To be sure, the President is old and feeble. We should grant the powers to his energetic and charismatic vice-president, despite a somewhat shady past. The more conservative Wall Street people in the coalition will be able to control the vice-president easily; don’t worry about past radical rhetoric. Of course, there should be a requirement to consult the President, reserving special powers for actions truly necessary for the emergency.
The night of the January 6 invasion of the Capitol building, I immediately thought of the 1933 Reichstag Fire, when Nazi Brownshirts helped a foolish Communist set fire to the German parliament house and used that as an excuse to arrest the leaders of the German Communist Party and pass an act giving Chancellor Hitler emergency powers for four years to deal with the Communist threat. But most people don’t know any history, and I had to go refresh my own memory on the details. It’s a fascinating story.

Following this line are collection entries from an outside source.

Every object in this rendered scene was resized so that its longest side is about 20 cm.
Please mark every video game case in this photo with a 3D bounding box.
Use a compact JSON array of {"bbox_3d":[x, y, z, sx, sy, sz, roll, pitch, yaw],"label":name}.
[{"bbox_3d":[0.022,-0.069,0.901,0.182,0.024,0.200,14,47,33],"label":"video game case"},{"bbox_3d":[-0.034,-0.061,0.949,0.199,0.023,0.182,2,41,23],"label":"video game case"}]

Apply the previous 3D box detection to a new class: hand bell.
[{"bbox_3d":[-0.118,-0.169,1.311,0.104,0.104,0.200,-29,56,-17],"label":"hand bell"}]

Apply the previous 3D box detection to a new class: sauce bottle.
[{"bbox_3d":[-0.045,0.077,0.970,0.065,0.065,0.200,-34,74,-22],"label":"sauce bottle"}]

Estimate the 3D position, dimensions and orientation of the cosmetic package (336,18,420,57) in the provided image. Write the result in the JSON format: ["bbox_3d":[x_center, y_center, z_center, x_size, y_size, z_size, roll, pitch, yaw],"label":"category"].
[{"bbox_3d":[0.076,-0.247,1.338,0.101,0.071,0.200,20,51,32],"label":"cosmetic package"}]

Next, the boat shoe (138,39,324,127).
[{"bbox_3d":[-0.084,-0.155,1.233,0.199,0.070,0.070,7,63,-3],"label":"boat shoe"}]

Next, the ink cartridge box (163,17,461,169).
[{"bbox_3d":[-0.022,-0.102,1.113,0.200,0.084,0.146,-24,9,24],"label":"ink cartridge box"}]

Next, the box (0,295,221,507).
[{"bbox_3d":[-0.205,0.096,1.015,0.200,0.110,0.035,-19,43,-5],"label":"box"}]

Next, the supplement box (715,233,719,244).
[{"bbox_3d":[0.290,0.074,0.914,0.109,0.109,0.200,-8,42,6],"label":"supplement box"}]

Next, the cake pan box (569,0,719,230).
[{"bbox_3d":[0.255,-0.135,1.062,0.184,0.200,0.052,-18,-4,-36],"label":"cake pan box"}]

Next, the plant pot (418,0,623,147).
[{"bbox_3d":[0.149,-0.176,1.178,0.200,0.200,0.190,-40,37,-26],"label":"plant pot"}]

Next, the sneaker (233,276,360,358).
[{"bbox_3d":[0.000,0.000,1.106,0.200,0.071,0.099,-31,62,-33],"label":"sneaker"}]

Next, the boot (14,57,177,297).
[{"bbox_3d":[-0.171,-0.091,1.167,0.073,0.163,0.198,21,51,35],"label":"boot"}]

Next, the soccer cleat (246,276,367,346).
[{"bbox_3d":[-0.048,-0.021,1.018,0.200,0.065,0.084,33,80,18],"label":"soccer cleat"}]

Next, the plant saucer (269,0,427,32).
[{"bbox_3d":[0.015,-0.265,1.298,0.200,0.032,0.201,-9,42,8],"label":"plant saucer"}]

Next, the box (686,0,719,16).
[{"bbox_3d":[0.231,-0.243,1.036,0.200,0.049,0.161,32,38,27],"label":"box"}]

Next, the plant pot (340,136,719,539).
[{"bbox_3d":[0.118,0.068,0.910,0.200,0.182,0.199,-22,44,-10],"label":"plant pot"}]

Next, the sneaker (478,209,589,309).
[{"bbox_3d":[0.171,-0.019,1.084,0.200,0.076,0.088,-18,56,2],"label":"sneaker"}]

Hitler didn’t come to power via a coup. He tried to in 1923 but he failed miserably. That was the Beer Hall Putsch, named after the building in Munich that was pretty much the extent of his conquests before the army crushed him and he went to jail. He used his jail time well, writing Mein Kampf, “My Struggle”. His party remained small for years thereafter, but he had learned his lesson: don’t tangle with the army until you obliterate everyone else first. He was careful to keep the army neutral by not doing anything to offend it and he alternately blackmailed and wooed big business to get political funding. He restricted violence to the petty level of the Brownshirts, his club of young men who liked to hurt people, break windows of Jewish businesses, and have rumbles with their equivalents from the Communist Party.

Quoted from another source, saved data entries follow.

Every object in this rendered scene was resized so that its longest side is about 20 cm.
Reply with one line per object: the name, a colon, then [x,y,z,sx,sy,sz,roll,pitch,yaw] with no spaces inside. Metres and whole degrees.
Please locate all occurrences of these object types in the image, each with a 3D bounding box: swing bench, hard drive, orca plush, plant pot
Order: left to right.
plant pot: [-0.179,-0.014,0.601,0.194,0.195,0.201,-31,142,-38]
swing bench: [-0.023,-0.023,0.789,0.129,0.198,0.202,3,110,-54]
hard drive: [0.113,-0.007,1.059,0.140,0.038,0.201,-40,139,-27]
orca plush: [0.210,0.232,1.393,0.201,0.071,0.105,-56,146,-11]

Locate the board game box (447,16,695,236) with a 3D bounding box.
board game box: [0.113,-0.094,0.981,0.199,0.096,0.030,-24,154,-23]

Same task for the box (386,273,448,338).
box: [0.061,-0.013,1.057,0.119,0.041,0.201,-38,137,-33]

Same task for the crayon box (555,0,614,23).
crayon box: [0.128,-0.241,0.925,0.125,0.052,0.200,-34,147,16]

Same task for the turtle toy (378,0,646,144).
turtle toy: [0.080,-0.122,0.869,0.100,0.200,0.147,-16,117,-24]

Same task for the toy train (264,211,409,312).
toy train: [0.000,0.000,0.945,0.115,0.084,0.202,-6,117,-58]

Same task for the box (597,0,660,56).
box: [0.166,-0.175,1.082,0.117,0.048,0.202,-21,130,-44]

Hitler was patient. He waited. The Great Depression was what he needed. Voters were fed up with the incumbent parties, and the Nazi Party started getting significant numbers of votes. In the November 1932 election, it became the largest party in the Reichstag, though not a majority, and although Hitler lost the race for President to old General Hindenburg. The conservative parties formed a cabinet, but it was hard to get anything done in the Reichstag without the Nazis, the largest party. The Communists and the Social Democrats (socialists) were the conservatives’ old enemies, and the aptly named Center Party (the Catholic Church’s party, the christian democrats) had long been on bad terms with the conservatives. After a frustrating couple of months, the conservative Chancellor Schleicher destroyed his political base when he made a speech advocating a planned economy with price controls, an end to wage cuts, and confiscation of the nobles’ estates for the peasants. His backers in business and the nobility decided Hitler was at least no worse than Schleicher. Nazi leader Goebbels wrote that the Nazi’s dangerously low financial situation “fundamentally improved overnight”, and President Hindenburg fired Schleicher as Chancellor.

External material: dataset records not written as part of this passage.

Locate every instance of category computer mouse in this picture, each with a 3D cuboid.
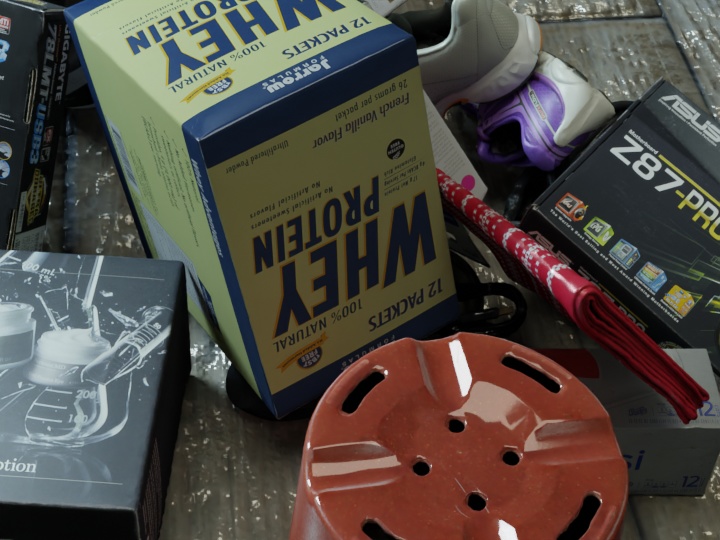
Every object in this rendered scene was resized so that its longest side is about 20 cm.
[{"bbox_3d":[0.008,0.044,0.830,0.197,0.034,0.059,-19,55,2],"label":"computer mouse"}]

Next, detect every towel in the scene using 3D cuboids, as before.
[{"bbox_3d":[0.106,0.005,0.768,0.023,0.144,0.200,-49,39,2],"label":"towel"}]

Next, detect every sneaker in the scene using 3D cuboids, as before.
[{"bbox_3d":[0.105,-0.120,0.972,0.084,0.080,0.200,-50,21,0],"label":"sneaker"},{"bbox_3d":[0.028,-0.139,0.944,0.092,0.199,0.076,31,39,-35],"label":"sneaker"}]

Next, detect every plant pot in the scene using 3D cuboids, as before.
[{"bbox_3d":[0.043,0.150,0.653,0.197,0.197,0.202,2,46,-2],"label":"plant pot"}]

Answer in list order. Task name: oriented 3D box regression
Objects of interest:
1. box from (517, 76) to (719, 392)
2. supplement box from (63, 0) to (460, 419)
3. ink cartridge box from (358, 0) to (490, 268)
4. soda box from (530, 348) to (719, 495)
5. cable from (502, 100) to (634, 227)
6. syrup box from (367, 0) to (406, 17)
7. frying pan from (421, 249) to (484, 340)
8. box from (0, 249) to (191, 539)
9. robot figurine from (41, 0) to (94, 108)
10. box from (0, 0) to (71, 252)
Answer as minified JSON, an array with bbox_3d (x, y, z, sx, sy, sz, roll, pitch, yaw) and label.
[{"bbox_3d":[0.226,-0.013,0.882,0.200,0.049,0.161,43,60,11],"label":"box"},{"bbox_3d":[-0.058,-0.063,0.798,0.133,0.202,0.200,-27,40,-18],"label":"supplement box"},{"bbox_3d":[0.025,-0.094,0.877,0.037,0.201,0.095,-39,28,-11],"label":"ink cartridge box"},{"bbox_3d":[0.116,0.092,0.805,0.197,0.069,0.064,0,45,-3],"label":"soda box"},{"bbox_3d":[0.204,-0.058,0.968,0.162,0.051,0.200,26,49,20],"label":"cable"},{"bbox_3d":[-0.025,-0.203,0.920,0.199,0.082,0.079,-34,19,6],"label":"syrup box"},{"bbox_3d":[-0.007,0.012,0.899,0.188,0.031,0.115,19,49,21],"label":"frying pan"},{"bbox_3d":[-0.207,0.087,0.762,0.197,0.105,0.184,3,44,-1],"label":"box"},{"bbox_3d":[-0.225,-0.188,0.969,0.124,0.200,0.151,-40,84,6],"label":"robot figurine"},{"bbox_3d":[-0.296,-0.097,0.873,0.197,0.201,0.050,16,14,13],"label":"box"}]

And so in January 1933 the establishment conservatives decided to make an alliance with the National Socialist Party, which although uncouth, crazy, violent, and semi-socialist, did have more activist energy and voter support than any other party. The Nazis had no experience in running a government, even at the state level (Germany was divided into states—Prussia, Bavaria, Hamburg, etc.). It was expected that they would be ineffective in running Cabinet departments, overawed in Cabinet meetings and manipulated by their career civil servants. They only were allowed to hold one important Cabinet position and two minor ones.
The unimportant ones were Hermann Goering as Minister without Portfolio and Wilhelm Frick as Minister of the Interior (which did not control the police force). The treasury, the foreign service, and defense were in the hands of establishment conservatives. The only important Cabinet position the Nazis got was Chancellor, held by Hitler himself. That, indeed, was the top job. The President, Hindenburg, was more important, but the Chancellor headed the Cabinet. The symbolism was great, the conservatives thought. Here was General Paul Ludwig Hans Anton von Beneckendorff und von Hindenburg, the 85-year-old aristocratic hero of the battle of Tannenburg, the Hindenburg Line, and many other battles, grave, solemn, and dependable even in his declining years. Standing next to him was 44-year-old Corporal Adolf Hitler, low-born son of the bastard Alois Schicklgruber but nonetheless another genuine war hero, who won the Iron Cross for heroism as a “runner” carrying messages through the trenches. Hitler provided fire and humor to complement his boss’s gravitas. Truly this was a diverse government, representing both the Germany’s past and its present, the aristocracy and the common man.
And so we come to the Reichstag fire. In February 1933 the Reichstag building went up in flames. A young Communist named Marinus van der Lubbe was caught immediately and confessed. What was not confessed was that (though this is disputed) before van der Lubbe set his fire, the Brownshirts took a tunnel from the office of Reichstag President Goering to the Reichstag building one night and left flammable chemicals in strategic places in the building. Van der Lubbe was guilty, but he was a sucker, set up to take the fall. Four top Communist leaders were also arrested. They were not guilty. We know that because when the trial of the five arrested for the fire ended a year later, van der Lubbe was convicted, but all four leaders were acquitted by the court, even though by that time the Nazis had made Hitler dictator. It was an embarrassing acquittal, but it came too late, since by that time simply being a Communist was sufficient to land you in a concentration camp. In 1933, all that mattered was the announcement that the Communists had set the fire and four of their leaders had been arrested along with one low-ranking flunkey.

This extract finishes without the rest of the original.